● **Given data**:
┏━━
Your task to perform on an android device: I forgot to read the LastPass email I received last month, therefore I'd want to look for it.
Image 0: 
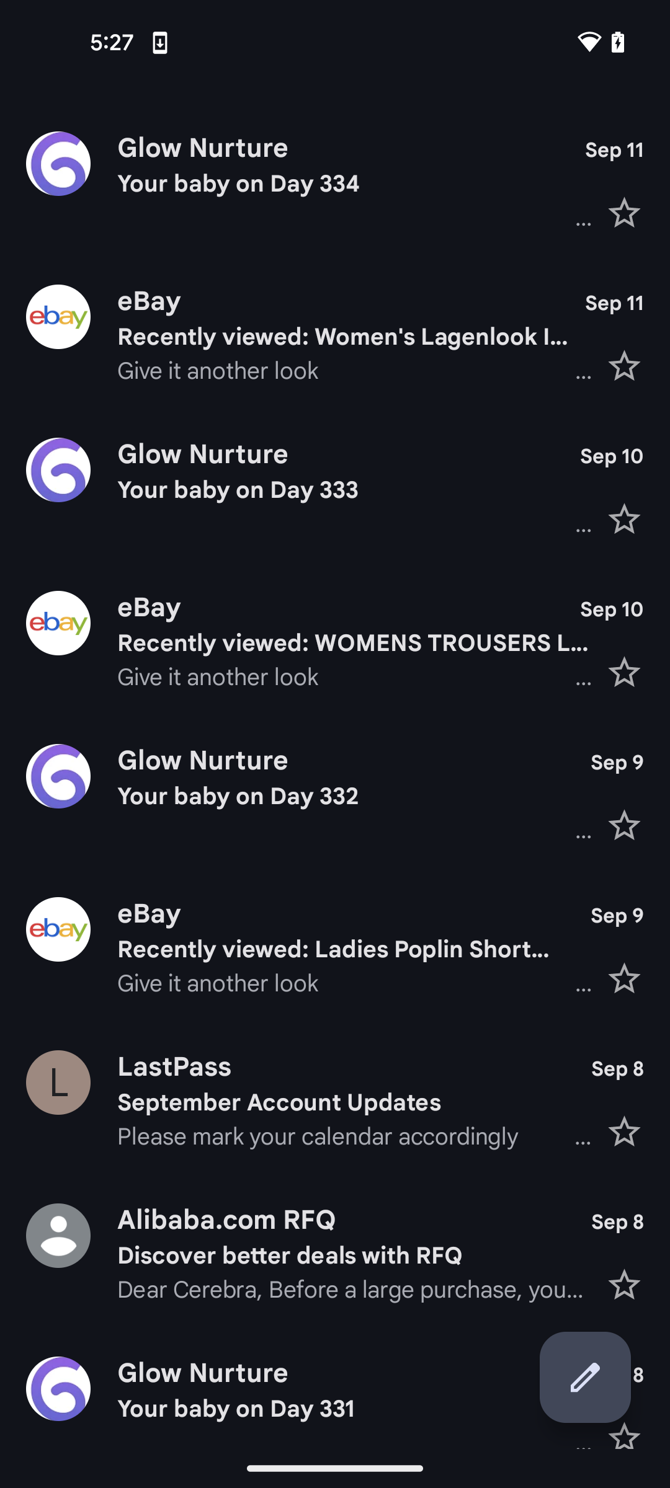
scroll up see search bar
Step 0: scroll up
Image 1: 
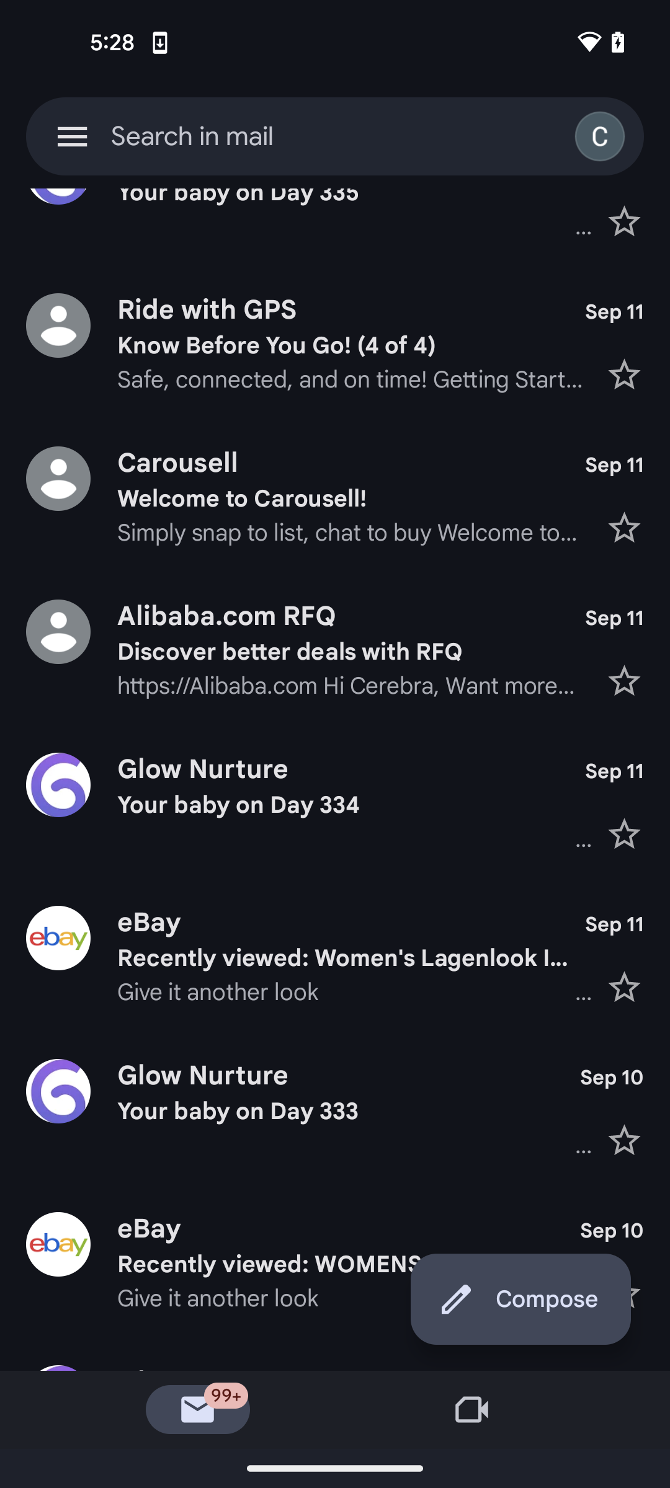
click on the search bar at the top of the screen
Step 1: click (335, 136)
Image 3: 
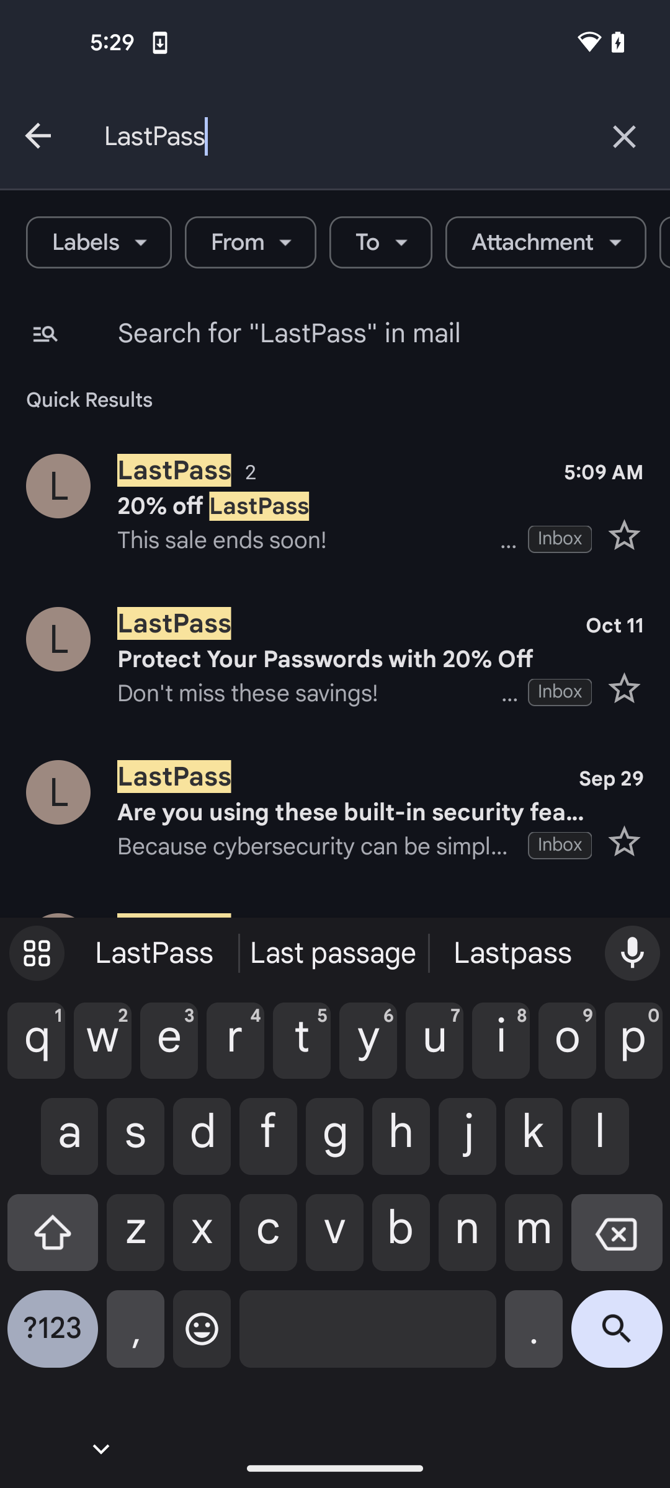
click on the first suggested mail
Step 3: click (334, 470)
┗━━
● **About this task**: Reproduce the lines from the line containing "Step 0: scroll up" through the end of the records above, exactly and inclusively, omitting pictures.

● **Response to the exercise**:
Step 0: scroll up
Image 1: 
click on the search bar at the top of the screen
Step 1: click (335, 136)
Image 3: 
click on the first suggested mail
Step 3: click (334, 470)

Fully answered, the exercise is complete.